1.The company accepts payment by Visa, MasterCard, Switch, Maestro, Amex, Delta, PayPal & Apple Pay. All product prices and delivery charges are shown in UK pounds sterling.
2. Upon receiving your order, the Company will authorise a charge for the full order amount in UK pounds sterling against your chosen payment method.
3. If for any reason the purchaser pays by cheque for any order and the payment is not honoured by the purchasers bank, a fee will be applied by the Company for the sum of £35.00 + Vat.
Where the Company owes any sums to the Purchaser in consequence of any trading arrangements or for promotional or advertising contributions or for retrospective discounts, the Company shall settle such amounts by setting off such amounts against all sums owed to the Company hereunder.
No retrospective / turnover discounts will be given to the Purchaser unless the charges for the period covered have been paid in accordance with standard settlement terms.
14. WAIVER OF CONDITIONS AND INDULGENCE
Any concession granted by the Company to the Purchaser or any waiver by the Company of its rights under these Conditions of Sale in respect of any particular transaction or series of transactions shall not be deemed an agreement to confer the same concession in respect of any further transaction.
15. FORCE MAJEURE
If the Company’s ability to perform its obligations hereunder is limited, delayed or prevented in whole or in part by any reason whatsoever not reasonably within the control of the Company, the Company shall be excused, discharged and released without penalty from performance of the contract to the extent that such performance is so limited, delayed or prevented.
16. SUB CONTRACTS
The Company shall in its discretion be entitled to subcontract its obligations, hereunder.
All notices and communications made pursuant to these Conditions of Sale by one party to the other shall be validly given or made by letter by first class registered post sent to the addresses listed overleaf or such address as shall be notified to the party concerned.
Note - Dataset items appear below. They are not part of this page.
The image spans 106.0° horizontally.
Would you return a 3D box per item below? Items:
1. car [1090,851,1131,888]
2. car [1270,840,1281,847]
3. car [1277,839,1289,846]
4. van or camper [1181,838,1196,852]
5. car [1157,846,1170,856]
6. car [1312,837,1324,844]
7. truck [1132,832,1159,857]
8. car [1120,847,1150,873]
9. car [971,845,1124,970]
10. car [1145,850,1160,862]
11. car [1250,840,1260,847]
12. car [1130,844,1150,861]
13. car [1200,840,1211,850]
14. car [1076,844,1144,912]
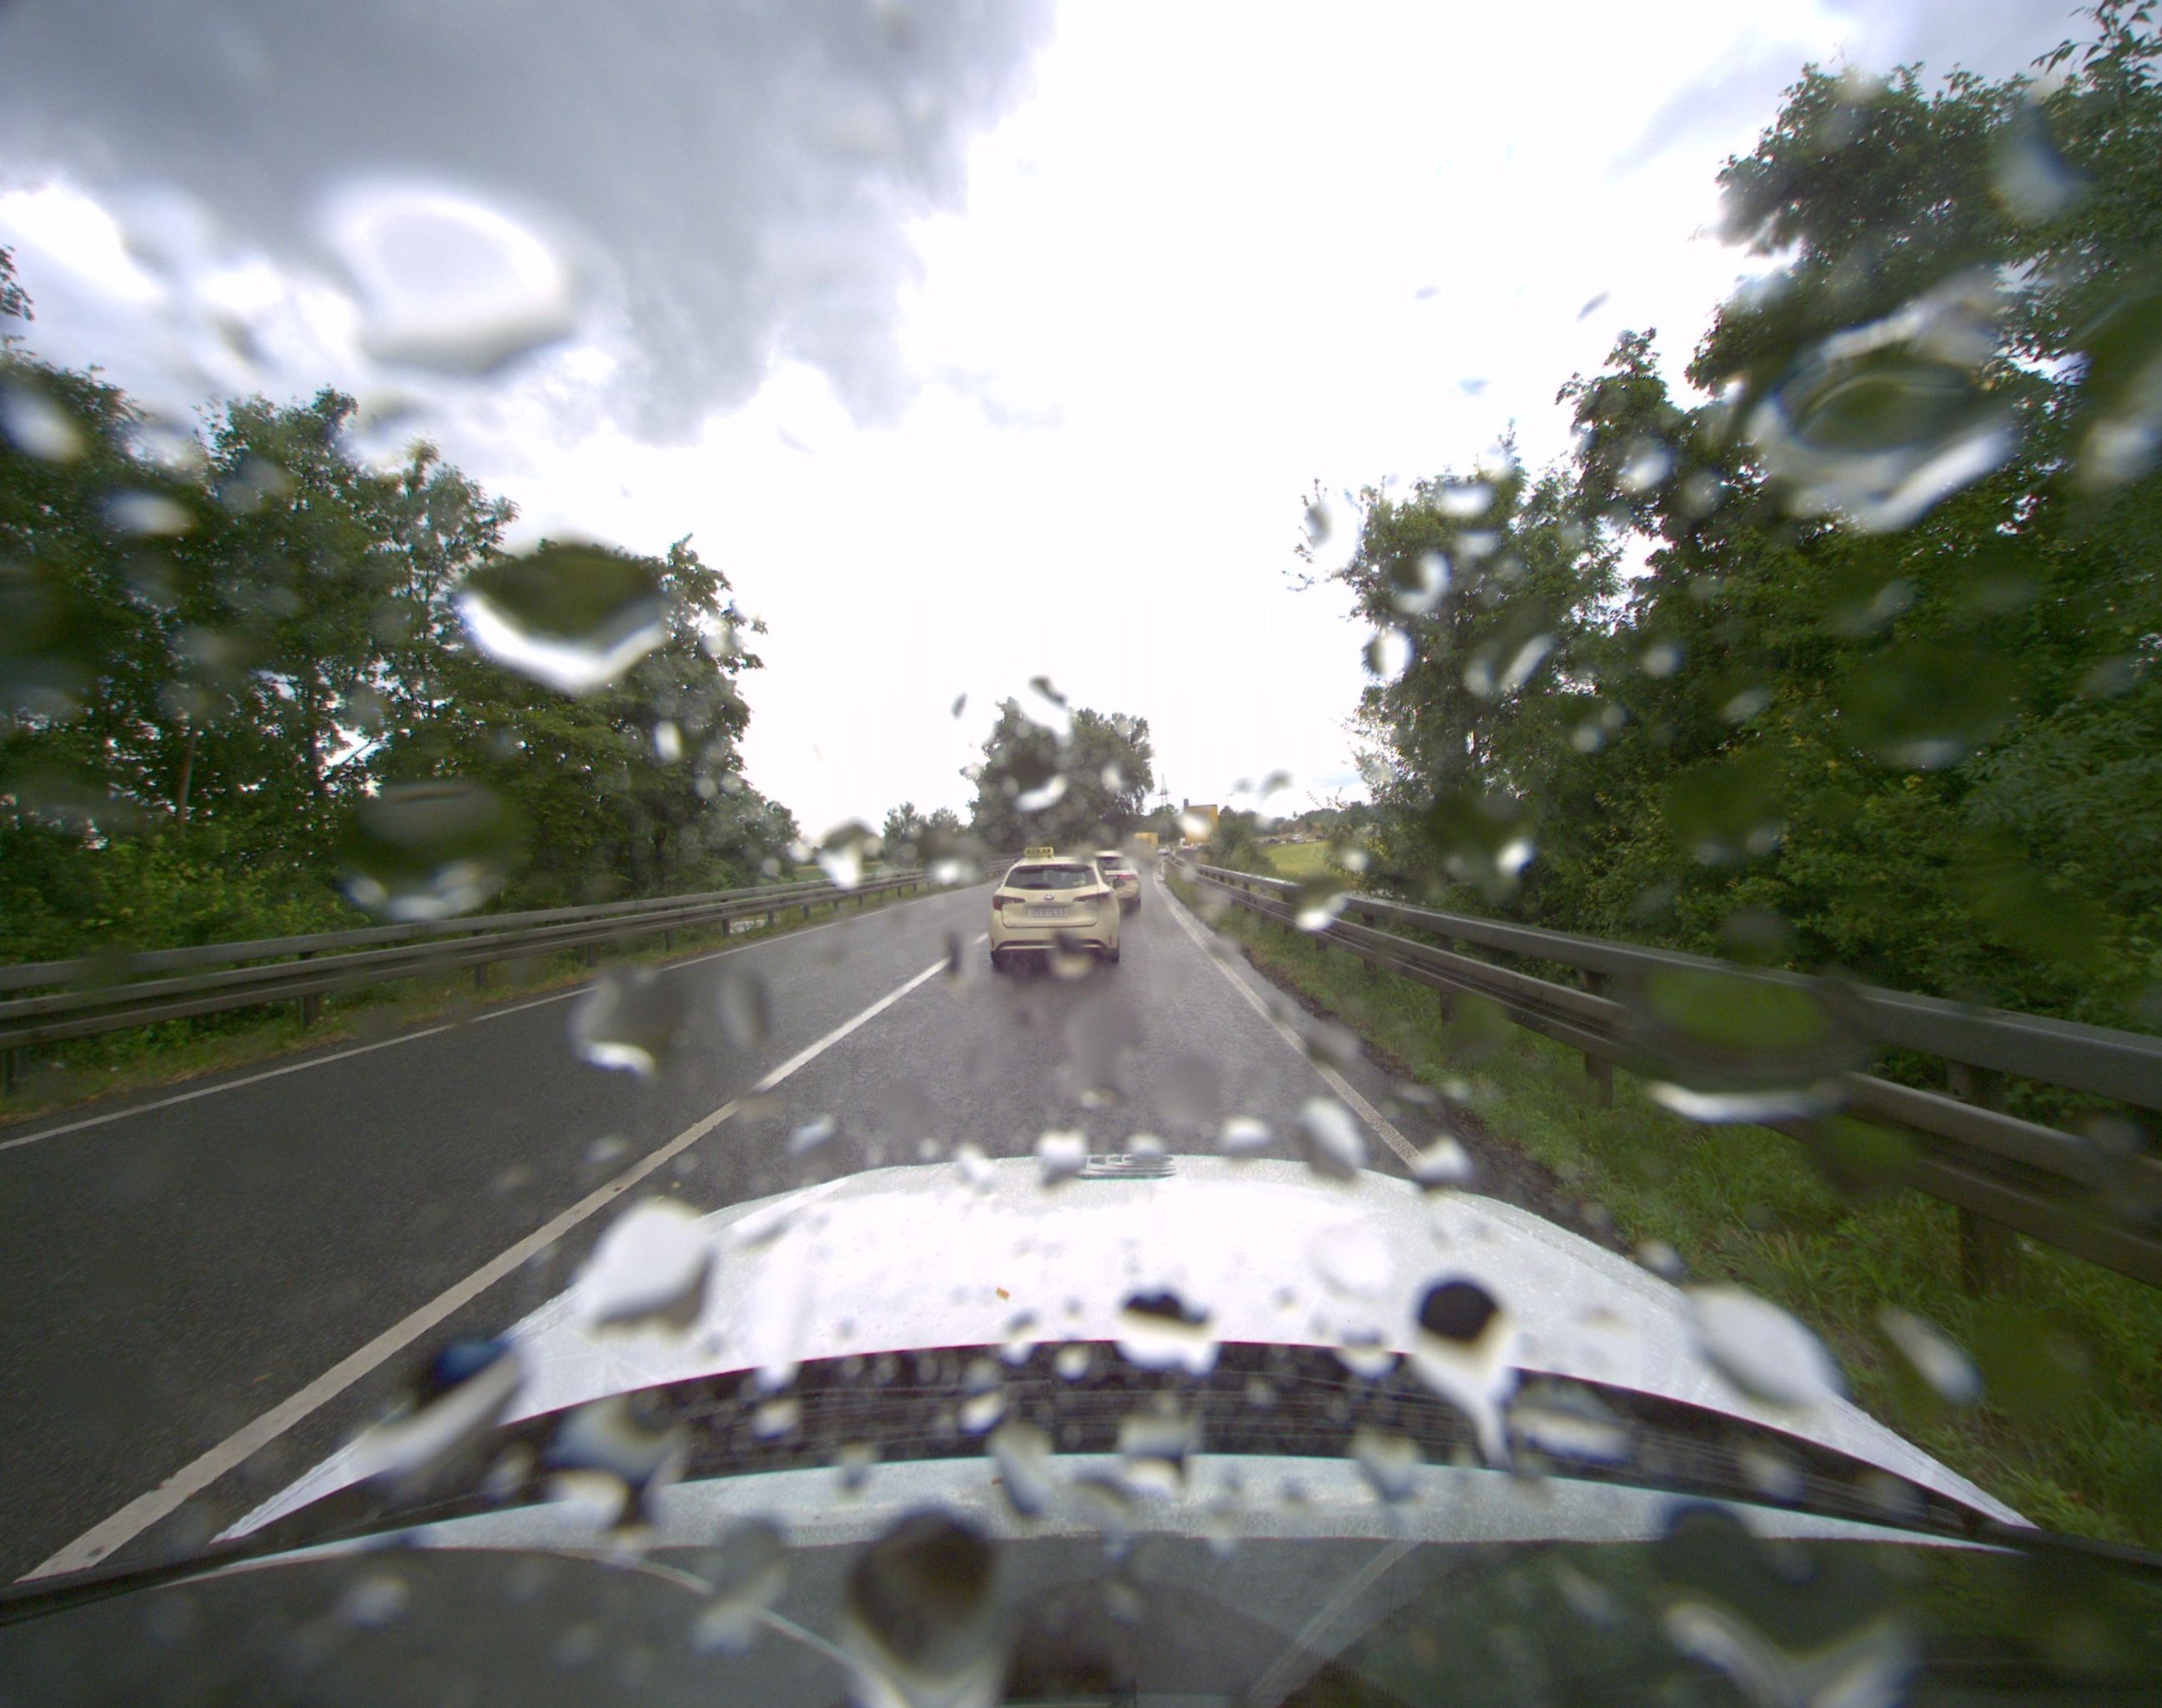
[{"bbox_3d":[1.262,0.611,33.664,1.498,1.437,3.361,-1,0,5],"label":"car"},{"bbox_3d":[52.046,-2.872,217.911,1.801,1.838,4.013,-1,0,28],"label":"car"},{"bbox_3d":[56.271,-3.155,226.401,1.974,2.014,4.025,-1,0,33],"label":"car"},{"bbox_3d":[18.090,-1.433,136.816,1.979,2.254,4.015,-1,0,13],"label":"van or camper"},{"bbox_3d":[11.037,-0.370,109.065,1.474,1.309,3.485,-1,0,8],"label":"car"},{"bbox_3d":[72.462,-4.228,249.014,2.120,2.014,4.025,-1,0,37],"label":"car"},{"bbox_3d":[9.741,-1.477,121.982,2.751,3.428,9.222,1,3,13],"label":"truck"},{"bbox_3d":[3.204,0.330,48.891,1.659,1.464,3.478,-1,0,1],"label":"car"},{"bbox_3d":[-0.332,0.669,12.320,1.898,1.537,4.164,-1,0,2],"label":"car"},{"bbox_3d":[8.050,0.212,91.526,1.474,1.309,3.486,-1,0,9],"label":"car"},{"bbox_3d":[43.708,-2.584,204.478,1.903,1.838,4.021,-1,0,22],"label":"car"},{"bbox_3d":[5.443,-0.117,74.781,1.652,1.409,3.911,-1,-1,6],"label":"car"},{"bbox_3d":[23.930,-1.719,156.262,1.720,1.819,4.014,-1,0,12],"label":"car"},{"bbox_3d":[0.804,0.562,20.943,1.571,1.572,3.685,-1,0,4],"label":"car"}]

All noted sent in accordance with the above shall be deemed to have been received within forty-eight hours of the date of posting.
By signature and/or acceptance of Goods, the Purchaser agrees to be bound by these Conditions of Sale.
If any of these Conditions of Sale is held not to be valid but would be valid if any pert of the wording were deleted or modified then that provision shall apply with such modifications as may be necessary to make it enforceable.
20. GOVERNING LAW
These conditions of Sale shall be governed by and construed in accordance with English Law and each party irrevocably submits to the jurisdiction of the English courts.